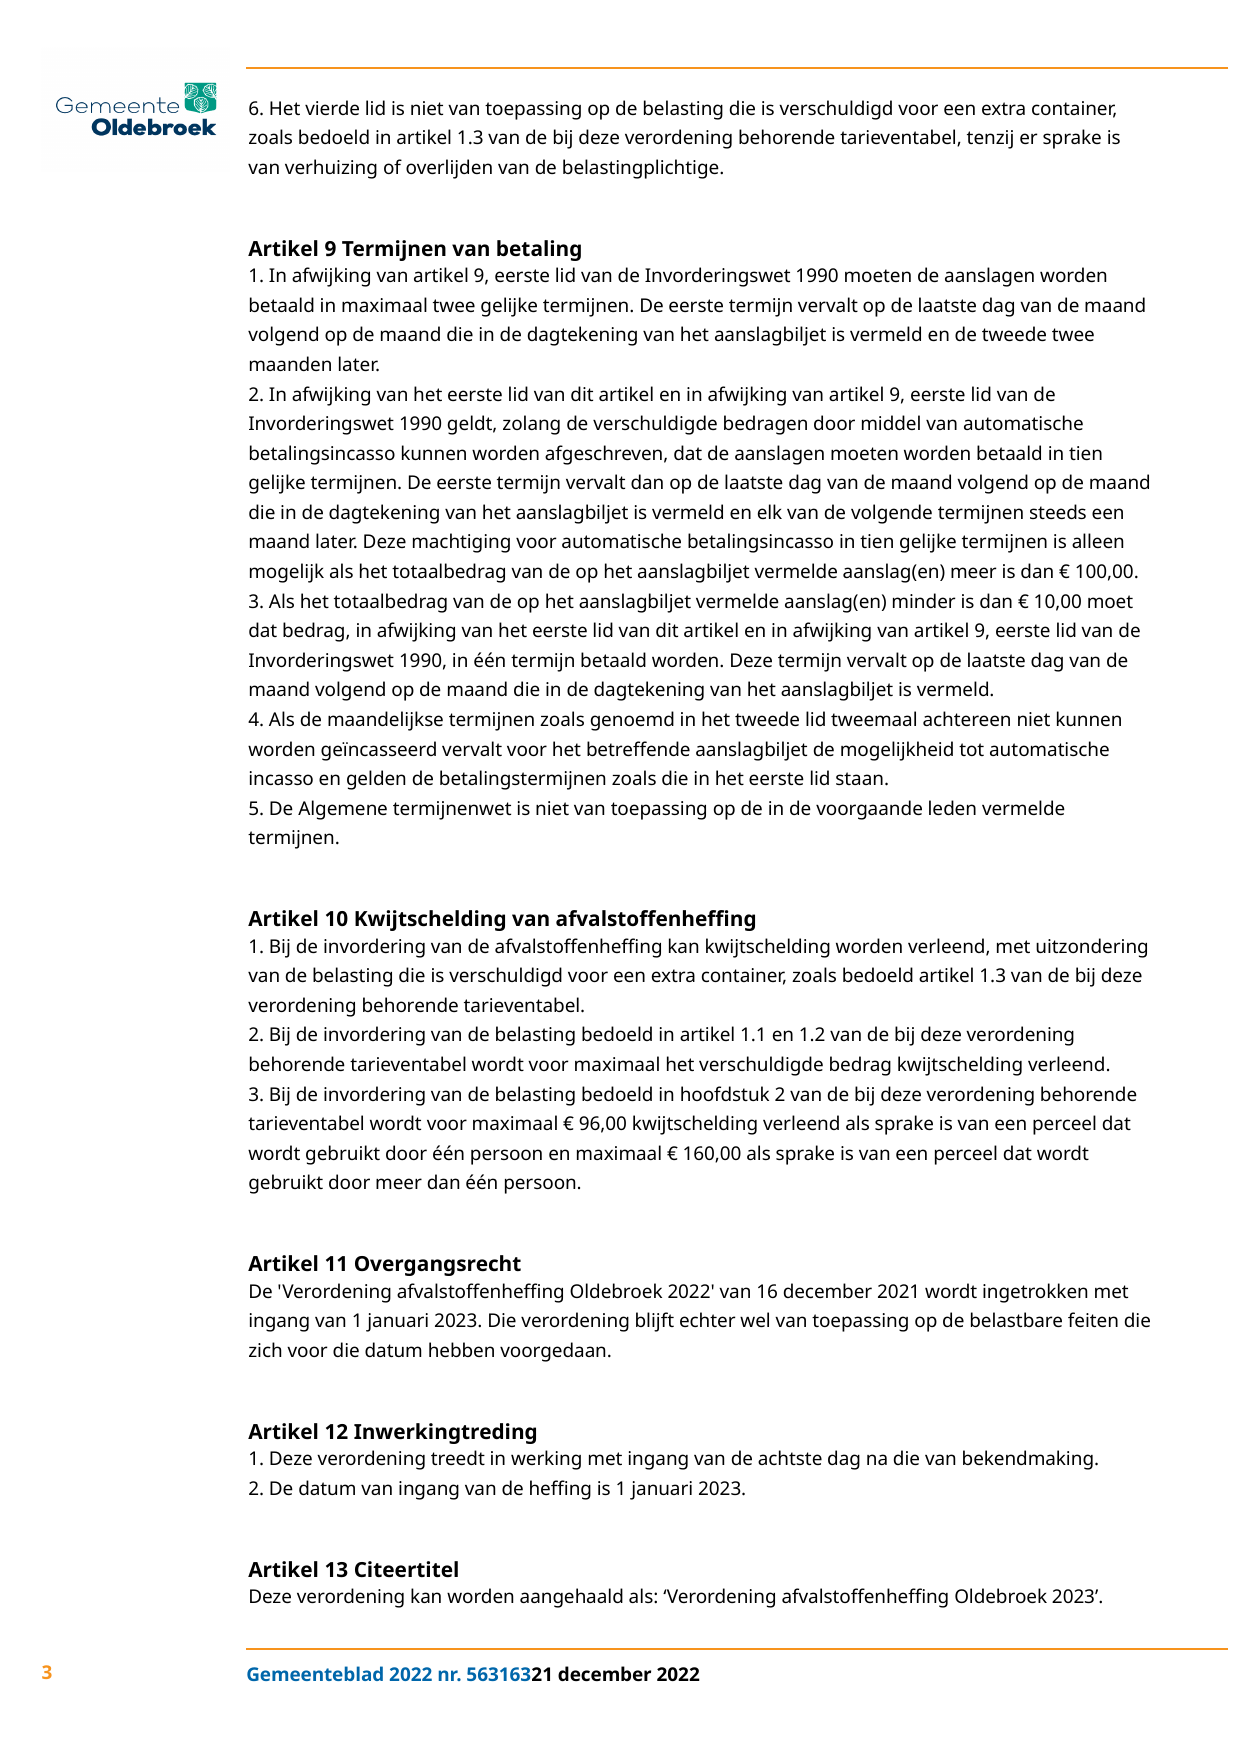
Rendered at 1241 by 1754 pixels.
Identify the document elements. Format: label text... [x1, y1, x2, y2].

text 2. De datum van ingang van de heffing is 1 januari 2023. [248, 1475, 1152, 1501]
text 5. De Algemene termijnenwet is niet van toepassing op de in de voorgaande leden vermelde termijnen. [248, 795, 1152, 850]
text 3. Als het totaalbedrag van de op het aanslagbiljet vermelde aanslag(en) minder is dan € 10,00 moet dat bedrag, in afwijking van het eerste lid van dit artikel en in afwijking van artikel 9, eerste lid van de Invorderingswet 1990, in één termijn betaald worden. Deze termijn vervalt op de laatste dag van de maand volgend op de maand die in de dagtekening van het aanslagbiljet is vermeld. [248, 588, 1152, 702]
text Artikel 11 Overgangsrecht [248, 1249, 1152, 1278]
text 4. Als de maandelijkse termijnen zoals genoemd in het tweede lid tweemaal achtereen niet kunnen worden geïncasseerd vervalt voor het betreffende aanslagbiljet de mogelijkheid tot automatische incasso en gelden de betalingstermijnen zoals die in het eerste lid staan. [248, 706, 1152, 791]
text De 'Verordening afvalstoffenheffing Oldebroek 2022' van 16 december 2021 wordt ingetrokken met ingang van 1 januari 2023. Die verordening blijft echter wel van toepassing op de belastbare feiten die zich voor die datum hebben voorgedaan. [248, 1278, 1152, 1363]
text 6. Het vierde lid is niet van toepassing op de belasting die is verschuldigd voor een extra container, zoals bedoeld in artikel 1.3 van de bij deze verordening behorende tarieventabel, tenzij er sprake is van verhuizing of overlijden van de belastingplichtige. [248, 95, 1152, 180]
text 1. Deze verordening treedt in werking met ingang van de achtste dag na die van bekendmaking. [248, 1446, 1152, 1471]
text 1. Bij de invordering van de afvalstoffenheffing kan kwijtschelding worden verleend, met uitzondering van de belasting die is verschuldigd voor een extra container, zoals bedoeld artikel 1.3 van de bij deze verordening behorende tarieventabel. [248, 933, 1152, 1018]
text 1. In afwijking van artikel 9, eerste lid van de Invorderingswet 1990 moeten de aanslagen worden betaald in maximaal twee gelijke termijnen. De eerste termijn vervalt op de laatste dag van de maand volgend op de maand die in de dagtekening van het aanslagbiljet is vermeld en de tweede twee maanden later. [248, 262, 1152, 377]
text Artikel 13 Citeertitel [248, 1555, 1152, 1584]
text 2. Bij de invordering van de belasting bedoeld in artikel 1.1 en 1.2 van de bij deze verordening behorende tarieventabel wordt voor maximaal het verschuldigde bedrag kwijtschelding verleend. [248, 1022, 1152, 1077]
picture [41, 47, 231, 172]
text Artikel 10 Kwijtschelding van afvalstoffenheffing [248, 904, 1152, 933]
text Deze verordening kan worden aangehaald als: ‘Verordening afvalstoffenheffing Oldebroek 2023’. [248, 1584, 1152, 1609]
text Artikel 9 Termijnen van betaling [248, 234, 1152, 262]
text Artikel 12 Inwerkingtreding [248, 1417, 1152, 1446]
text 2. In afwijking van het eerste lid van dit artikel en in afwijking van artikel 9, eerste lid van de Invorderingswet 1990 geldt, zolang de verschuldigde bedragen door middel van automatische betalingsincasso kunnen worden afgeschreven, dat de aanslagen moeten worden betaald in tien gelijke termijnen. De eerste termijn vervalt dan op de laatste dag van de maand volgend op de maand die in de dagtekening van het aanslagbiljet is vermeld en elk van de volgende termijnen steeds een maand later. Deze machtiging voor automatische betalingsincasso in tien gelijke termijnen is alleen mogelijk als het totaalbedrag van de op het aanslagbiljet vermelde aanslag(en) meer is dan € 100,00. [248, 381, 1152, 584]
text 3. Bij de invordering van de belasting bedoeld in hoofdstuk 2 van de bij deze verordening behorende tarieventabel wordt voor maximaal € 96,00 kwijtschelding verleend als sprake is van een perceel dat wordt gebruikt door één persoon en maximaal € 160,00 als sprake is van een perceel dat wordt gebruikt door meer dan één persoon. [248, 1081, 1152, 1195]
###
What you have to do – No pictures belong in the answer, only the lines from the top of the listing through the line containing "text 5. De Algemene", repeated word for word.

Exercise solution –
Rendered at 1241 by 1754 pixels.
Identify the document elements. Format: label text... [x1, y1, x2, y2].

text 2. De datum van ingang van de heffing is 1 januari 2023. [248, 1475, 1152, 1501]
text 5. De Algemene termijnenwet is niet van toepassing op de in de voorgaande leden vermelde termijnen. [248, 795, 1152, 850]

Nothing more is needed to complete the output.